» **Material for this exercise**:
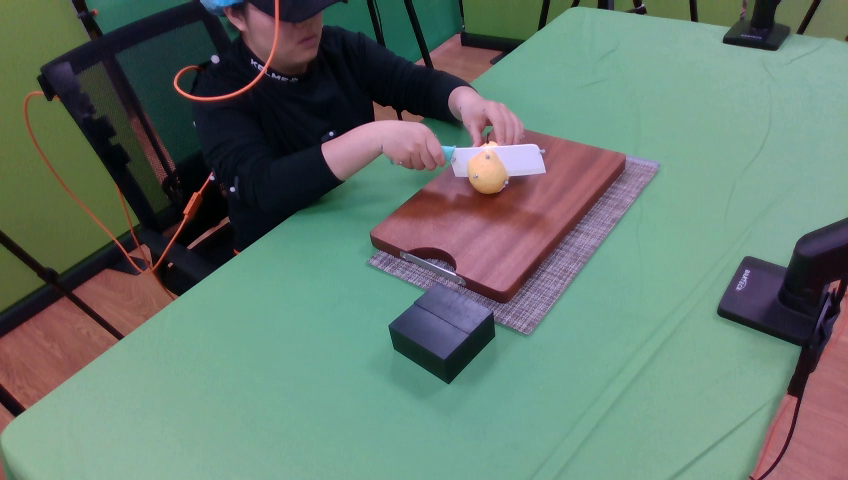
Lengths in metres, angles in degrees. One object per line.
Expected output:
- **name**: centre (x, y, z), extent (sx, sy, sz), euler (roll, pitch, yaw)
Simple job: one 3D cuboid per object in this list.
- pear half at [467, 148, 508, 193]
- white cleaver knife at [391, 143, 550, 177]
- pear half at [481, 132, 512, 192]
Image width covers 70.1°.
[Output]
- **pear half**: centre (0.103, -0.108, 1.000), extent (0.070, 0.088, 0.031), euler (12, 49, 11)
- **white cleaver knife**: centre (0.069, -0.131, 1.014), extent (0.284, 0.066, 0.021), euler (4, 40, 29)
- **pear half**: centre (0.116, -0.140, 1.019), extent (0.076, 0.110, 0.056), euler (11, 44, 16)

» **Exercise requirements**: The output is the lines from the start of the data above through the line containing "Image width covers 70.1°.", unchanged, with any picture left out.

» **Output of the exercise**:
Lengths in metres, angles in degrees. One object per line.
Expected output:
- **name**: centre (x, y, z), extent (sx, sy, sz), euler (roll, pitch, yaw)
Simple job: one 3D cuboid per object in this list.
- pear half at [467, 148, 508, 193]
- white cleaver knife at [391, 143, 550, 177]
- pear half at [481, 132, 512, 192]
Image width covers 70.1°.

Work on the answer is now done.